Schach- und Computerwunderkind

Erstmals "auffällig" wurde Hassabis, der 1976 als Sohn eines zypriotischen Vaters und einer Mutter aus Singapur in London geboren wurde, im Alter von vier Jahren als Schachwunderkind. Mit acht brachte er sich bei, wie man einen ZX-Spektrum-Computer programmiert, mit 15 wurde er zum Studium an der Uni Cambridge zugelassen. Vorher legte er aber noch ein Jahr Pause ein, in dem er Computerspiele entwickelte. Mit "Theme Park" schuf er einen Millionenseller, der ihm unter anderem das Informatikstudium finanzierte.

Danach gründete er seine eigene Spielefirma Elexir, war daneben mehrfacher Multi-Spiel-Weltmeister (in Pentamind und Decamentathlon), ehe er noch eine neurowissenschaftliche Dissertation schrieb und unmittelbar danach erste bahnbrechende Arbeiten in diesem Forschungsfeld veröffentlichte.

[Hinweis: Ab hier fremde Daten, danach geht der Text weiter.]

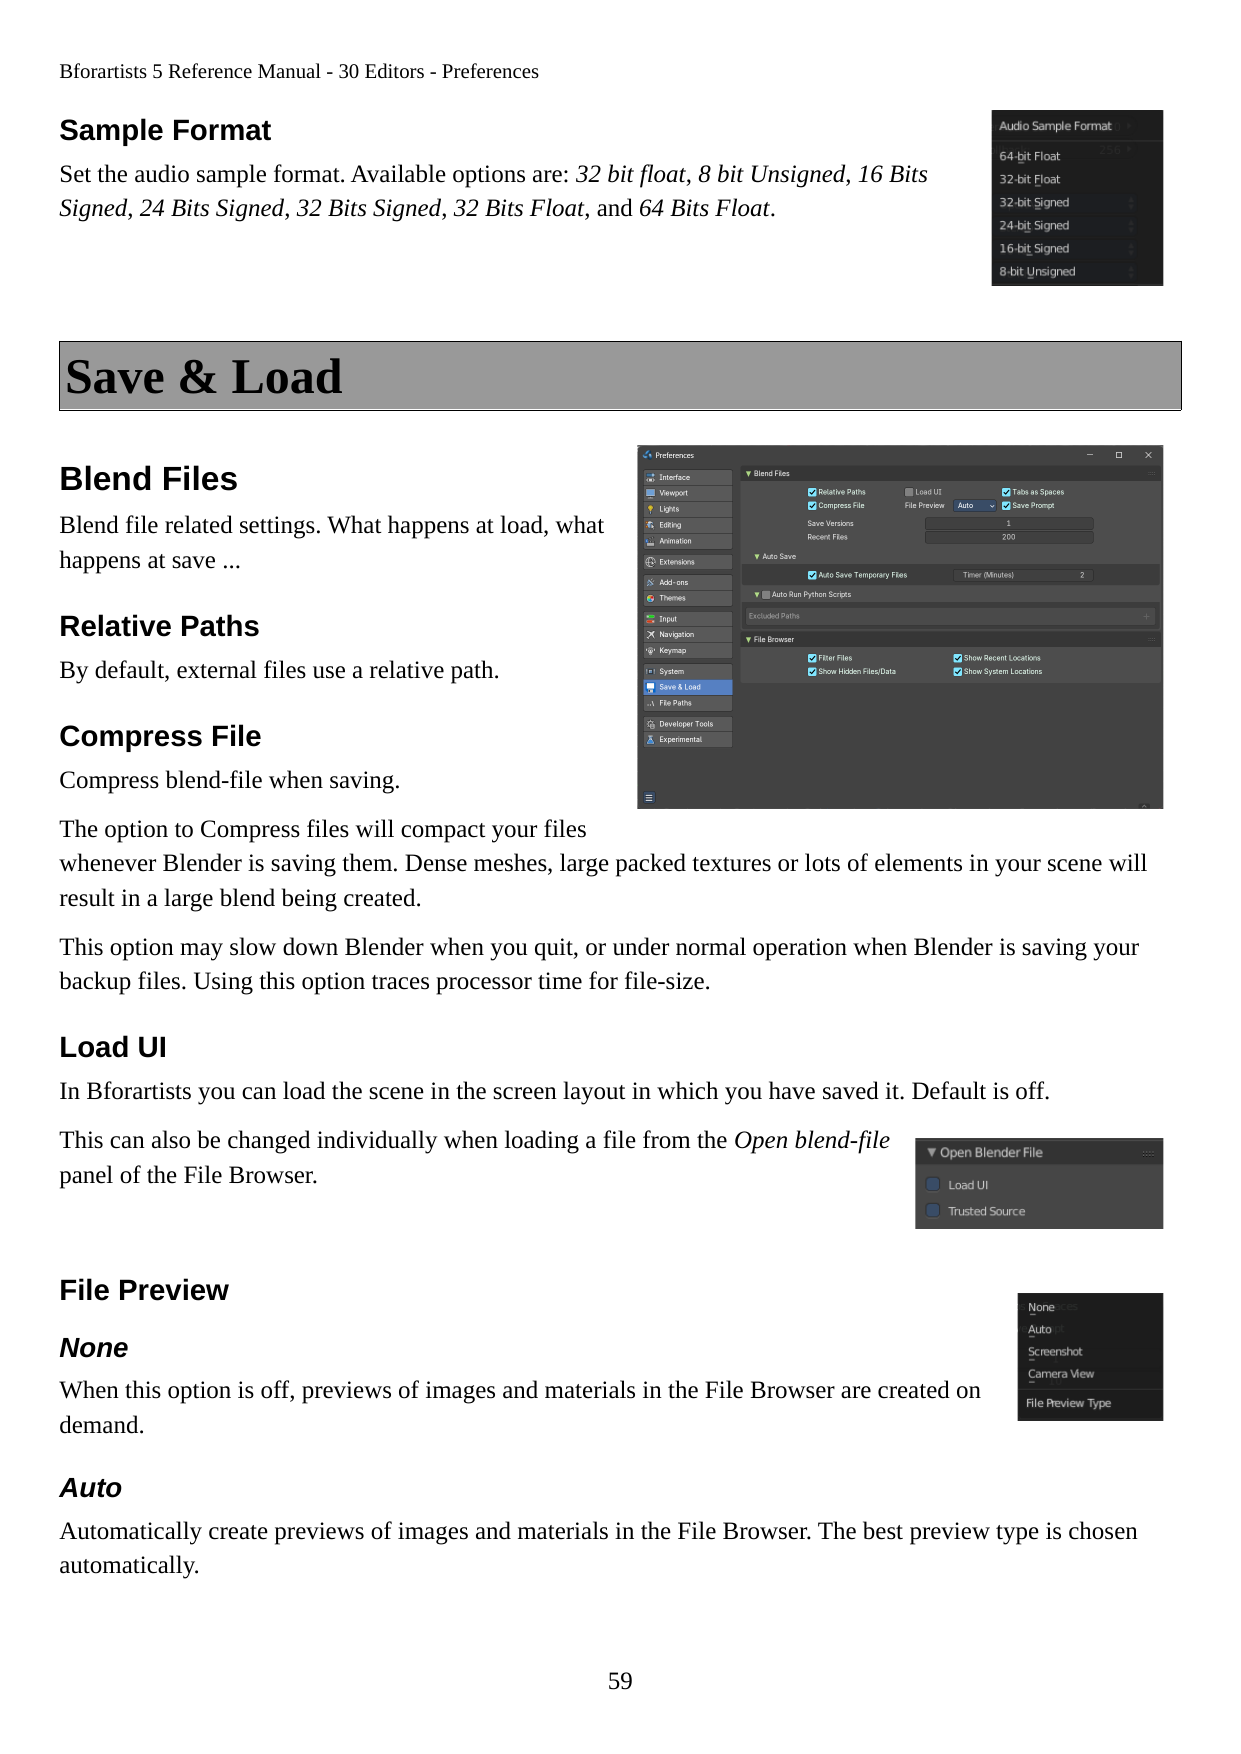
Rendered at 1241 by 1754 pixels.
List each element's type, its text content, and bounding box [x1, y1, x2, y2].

picture [915, 1138, 1164, 1229]
subtitle Sample Format [59, 113, 991, 146]
text By default, external files use a relative path. [59, 655, 637, 683]
text This can also be changed individually when loading a file from the Open blend-file panel of the File Browser. [59, 1125, 1181, 1188]
picture [1017, 1293, 1164, 1421]
text Compress blend-file when saving. [59, 765, 637, 793]
subtitle Load UI [59, 1030, 1181, 1064]
subtitle Auto [59, 1472, 1181, 1503]
subtitle [1164, 1331, 1181, 1363]
subtitle Relative Paths [59, 608, 637, 642]
text This option may slow down Blender when you quit, or under normal operation when Blender is saving your backup files. Using this option traces processor time for file-size. [59, 932, 1181, 995]
picture [637, 445, 1164, 809]
picture [991, 110, 1164, 286]
subtitle [1164, 608, 1181, 642]
text In Bforartists you can load the scene in the screen layout in which you have saved it. Default is off. [59, 1076, 1181, 1105]
subtitle Compress File [59, 718, 637, 752]
text Automatically create previews of images and materials in the File Browser. The best preview type is chosen automatically. [59, 1516, 1181, 1579]
subtitle [1164, 718, 1181, 752]
subtitle None [59, 1331, 1017, 1363]
table_header Save & Load [60, 342, 1181, 409]
subtitle [1164, 113, 1181, 146]
text Blend file related settings. What happens at load, what happens at save ... [59, 510, 637, 574]
subtitle [1164, 459, 1181, 498]
subtitle Blend Files [59, 459, 637, 498]
text Set the audio sample format. Available options are: 32 bit float, 8 bit Unsigned, 16 Bits Signed, 24 Bits Signed, 32 Bits Signed, 32 Bits Float, and 64 Bits Float. [59, 159, 991, 222]
text When this option is off, previews of images and materials in the File Browser are created on demand. [59, 1376, 1181, 1439]
text The option to Compress files will compact your files whenever Blender is saving them. Dense meshes, large packed textures or lots of elements in your scene will result in a large blend being created. [59, 814, 1181, 911]
subtitle File Preview [59, 1272, 1181, 1306]

Von selbstlernender Go-Software ...

In der Firma Deepmind brachte der verheiratete Vater zweier Söhne all seine Talente und bis dahin erworbenen Fähigkeiten zusammen, gemäß seinem Motto "Das Rätsel der Intelligenz lösen, nach den Sternen greifen und sich nicht durch praktische Dinge ablenken lassen".

Mit seinen Mitarbeitern entwickelte er zunächst selbstlernende Algorithmen, die in komplexen Spielen wie Go und in Videospielen die menschlichen Fähigkeiten herausfordern sollten. Ein erster spektakulärer Durchbruch gelang 2016: Die Software Alphago demütigte den Go-Weltmeister Lee Sedol vor 200 Millionen Zusehern. Dieser Sieg war zuvor für unmöglich gehalten worden.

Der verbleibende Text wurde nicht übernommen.